Czy Gertruda sprowadzi syna do domu? Co pani Poniatowska planuje? Czy Augustyn i Ania dogadają się, co do mieszkania? I co będzie robił Romuald?
Ci, co są ze mną już od jakiegoś czasu wiedzą, że uwielbiam twórczość Magdaleny Witkiewicz. Gdy tylko mam na regale jakąś nowość jestem w stanie rzucić swoje dotychczasowe plany i sięgnąć właśnie po książkę tej autorki.
Tym razem pierwsze skrzypce gra Gertruda, chciałaby mieć wszystko pod kontrolą, jednak jej zaborczość i za wszelką cenę dążenie do celu trochę ją gubi. To wszystko sprawia, że jej najbliżsi zwyczajnie chcą od niej uciec. Jednak pani Poniatowska skrywa kilka sekretów, które będą kluczowe w tej historii.
Augustyn, co do niego mam mieszane uczucia. Z jednej strony lekarz ginekolog, z drugiej cały czas pod spódnicą mamusi. Jednak, gdy w końcu decyduje się uwolnić wszystko dzieje się w zastraszającym tempie. Poznaje pewną młodą i ambitną dziewczynę, która pracuje w tym samym szpitalu, co on i wszystko toczy się bardzo szybko.
Pan Romuald, to starszy mężczyzna, który mam wrażenie, że dla świętego spokoju przymyka oczy na wybryki swojej żony. Jednak, gdy nadarza się okazja sam chętnie pędzi do bloku gdzie mieszkanie wynajmuje jego syn. Aczkolwiek wcale nie idzie do syna tylko do sąsiadki, to z nią ma wiele wspólnych tematów do rozmów.

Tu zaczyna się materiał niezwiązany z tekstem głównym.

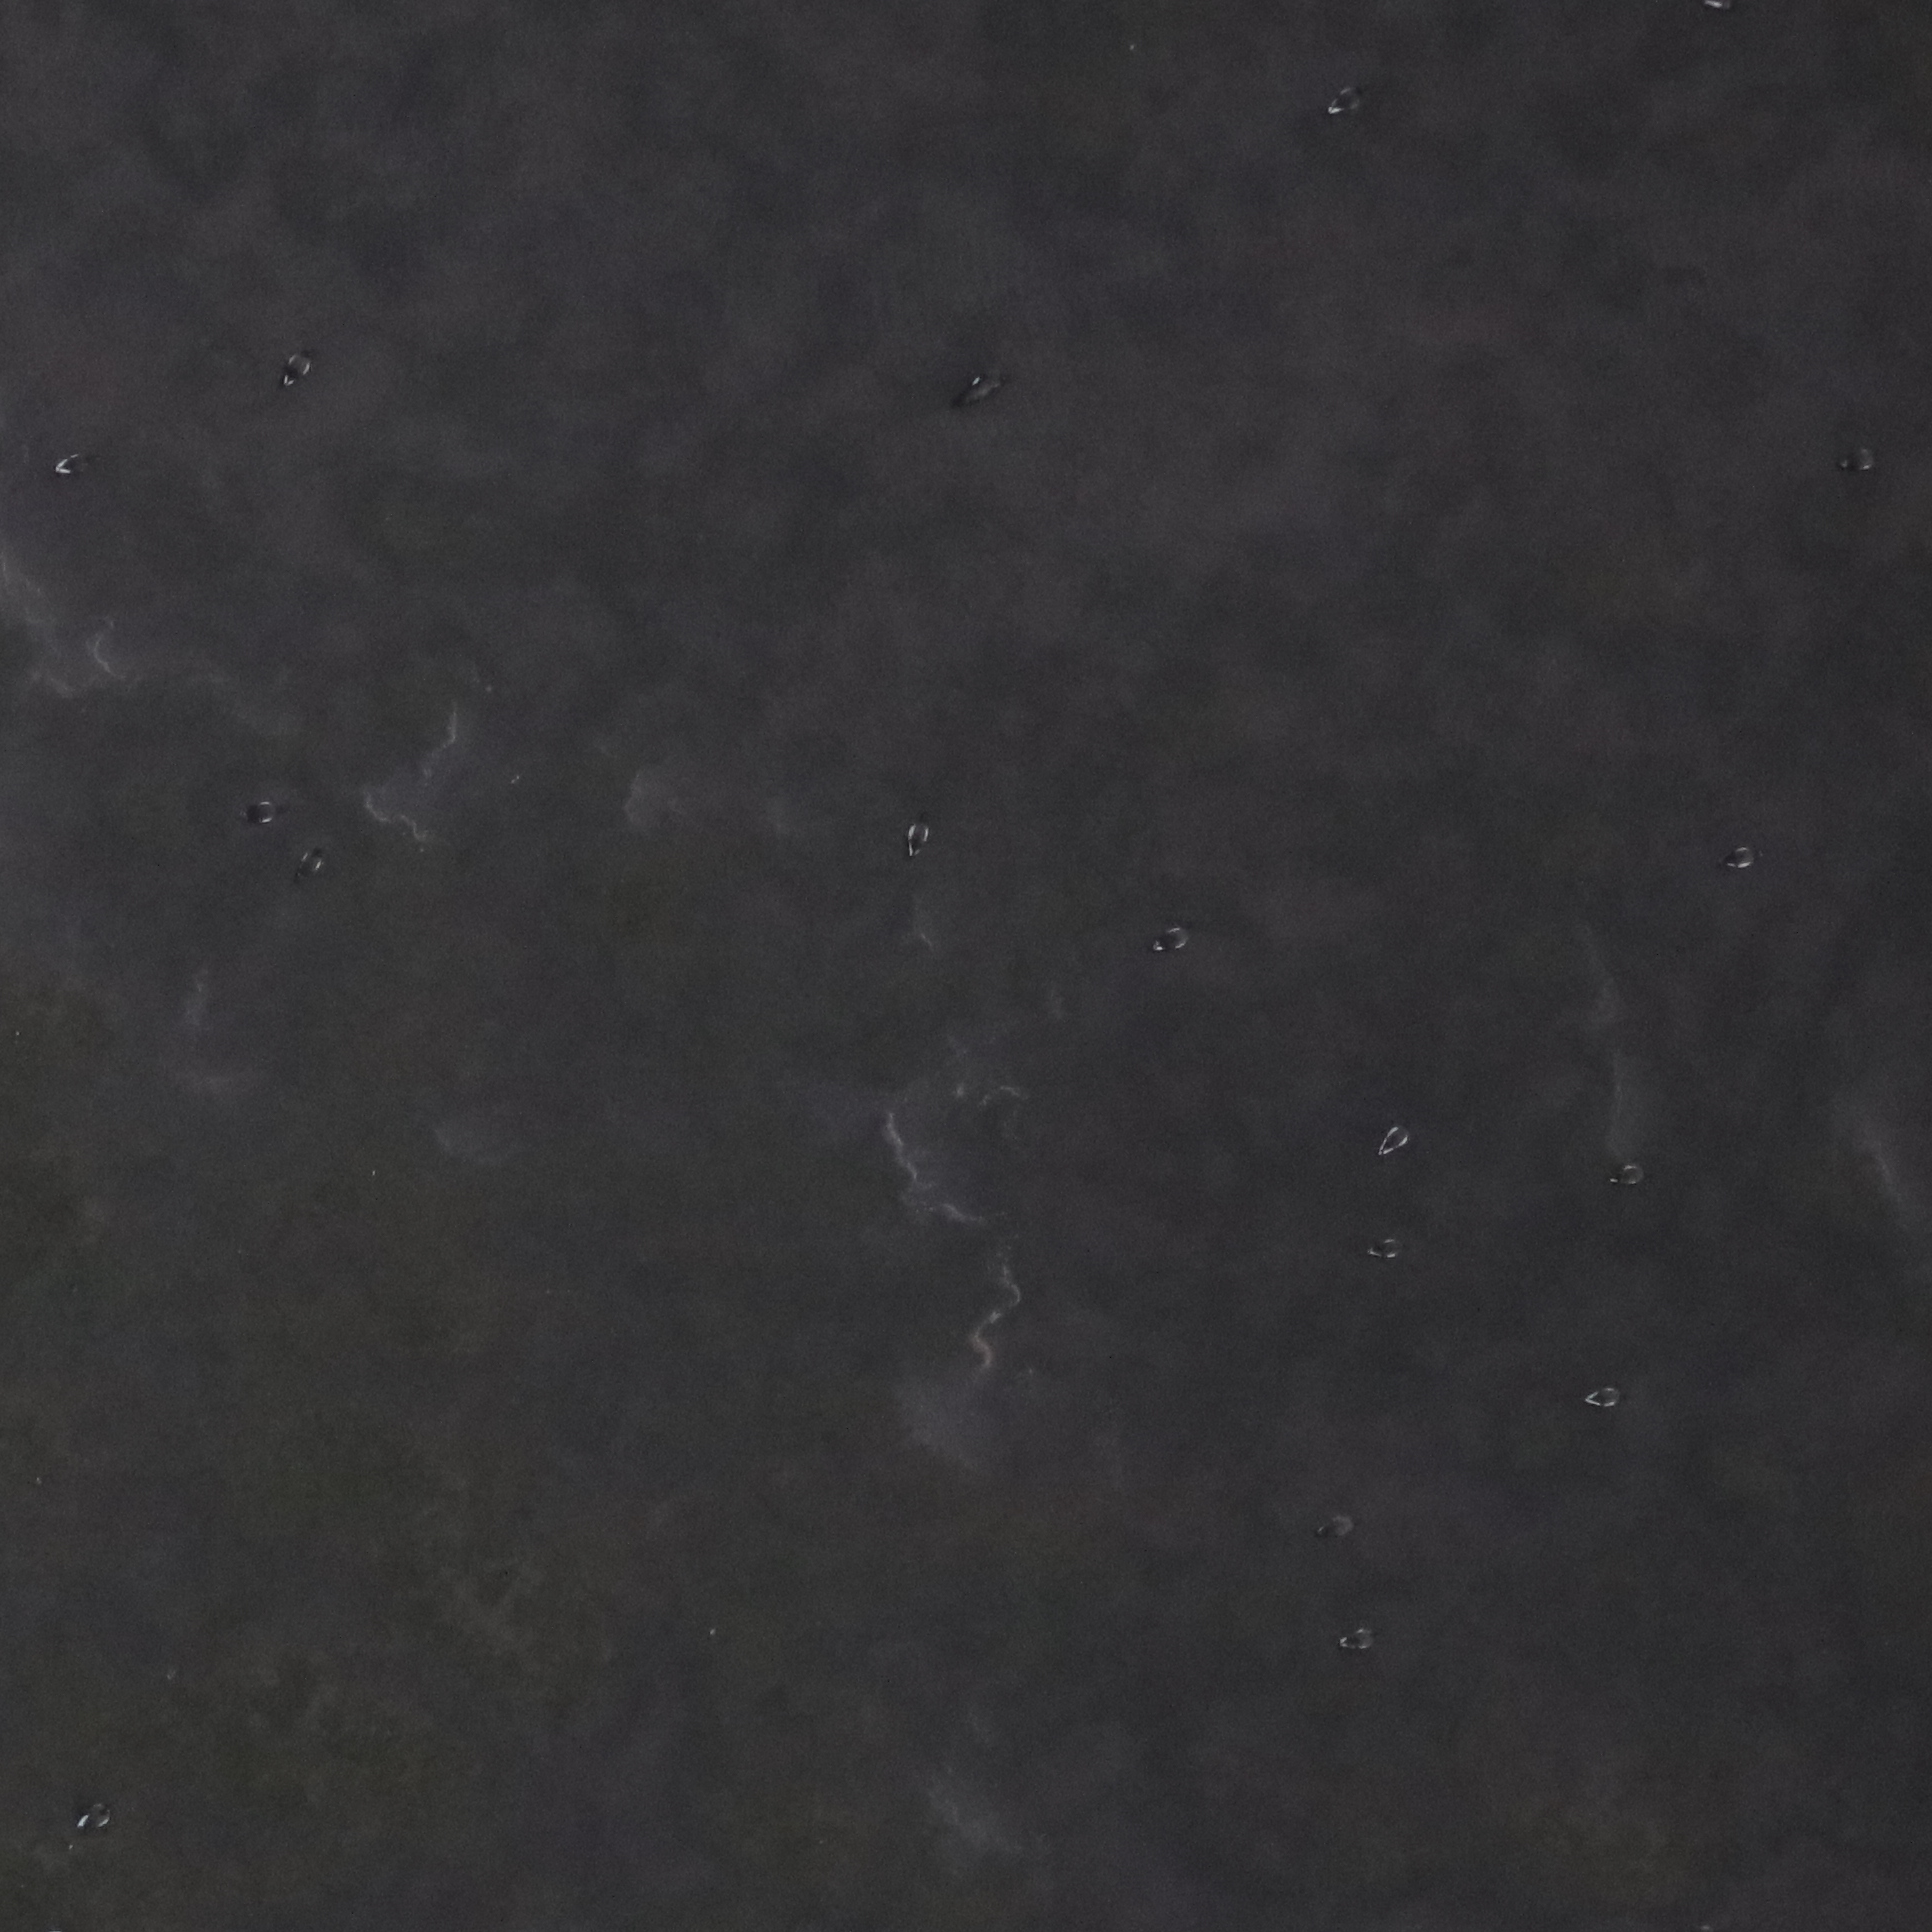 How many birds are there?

17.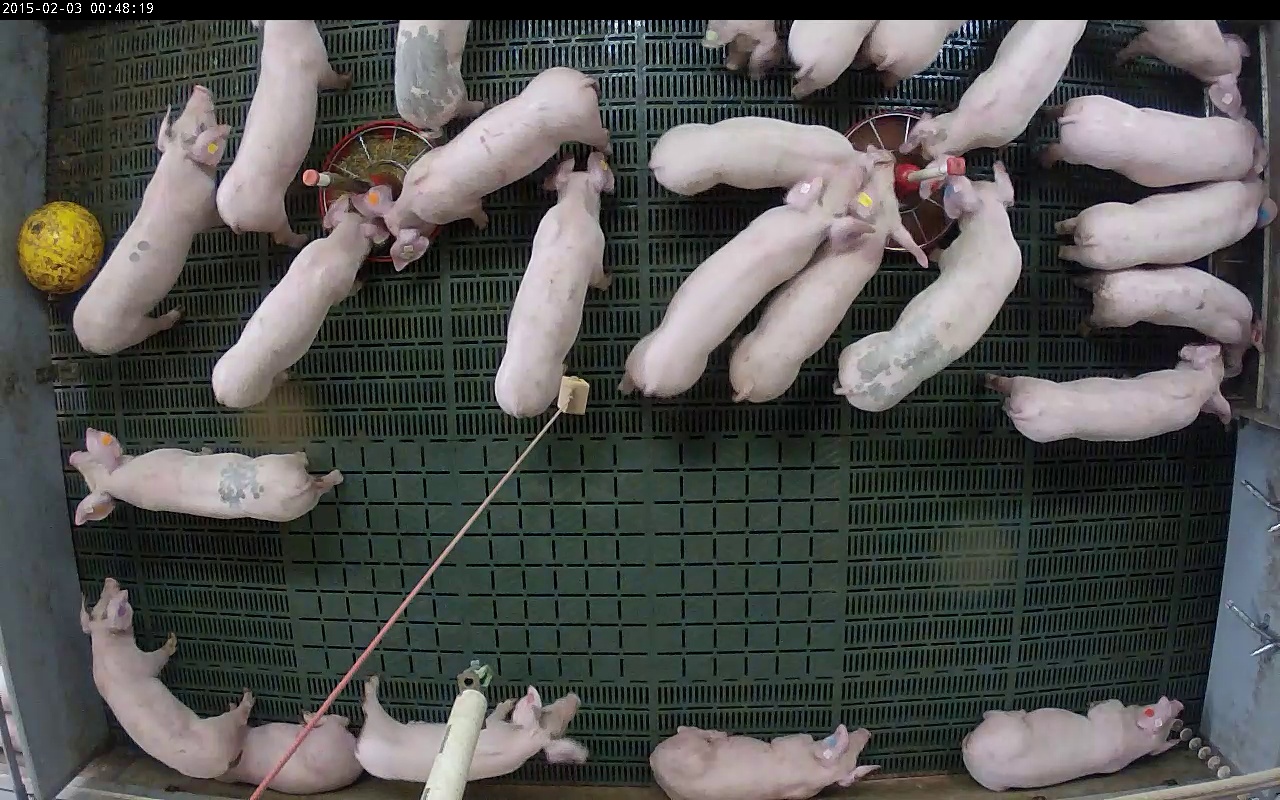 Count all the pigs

25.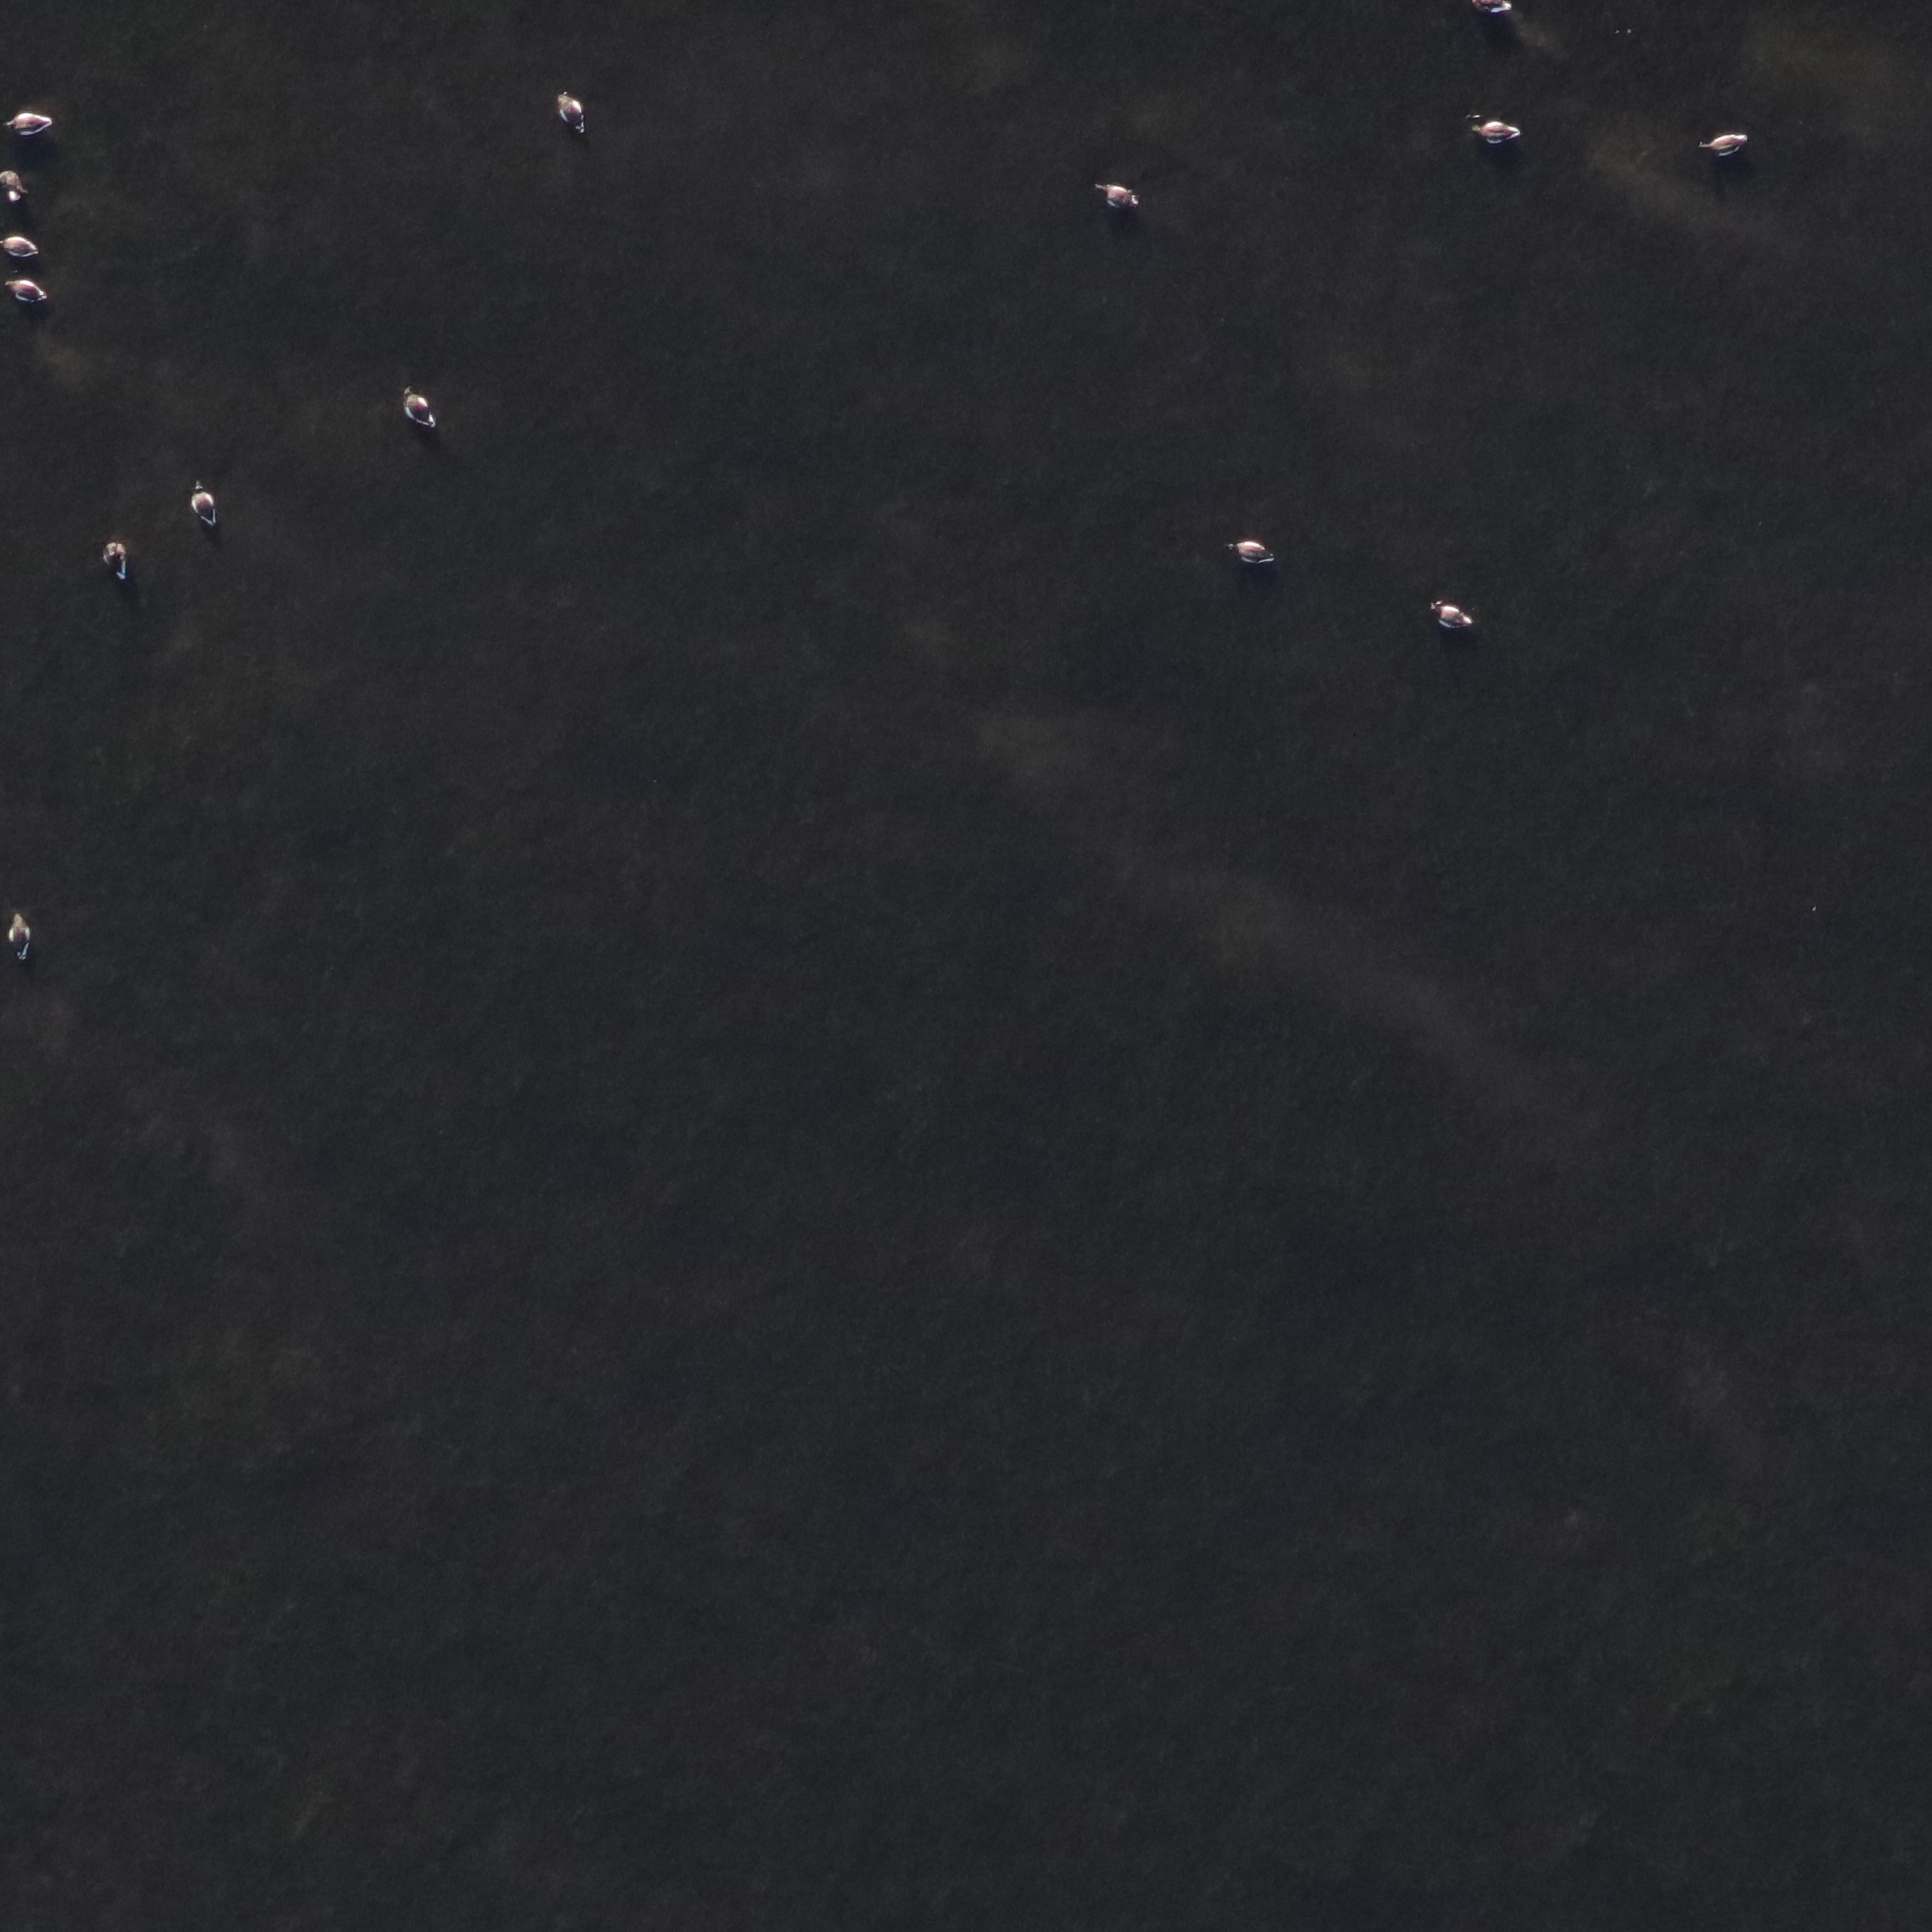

Autorka w tej książce podkreśla jak ważna jest rozmowa w związku oraz, że zazwyczaj jesteśmy wstanie coś docenić dopiero, gdy tego nam zabraknie. Tę historię dosłownie się pochłania. Ja nie byłam w stanie się od niej oderwać i tak przeczytałam ją w ciągu jednego dnia. Powieść jest krótka, styl pisania autorki jest bardzo lekki, a czytanie jej sprawiło mi ogromną przyjemność. Gorąco wam polecam i gwarantuję poprawę humoru oraz mile spędzony czas.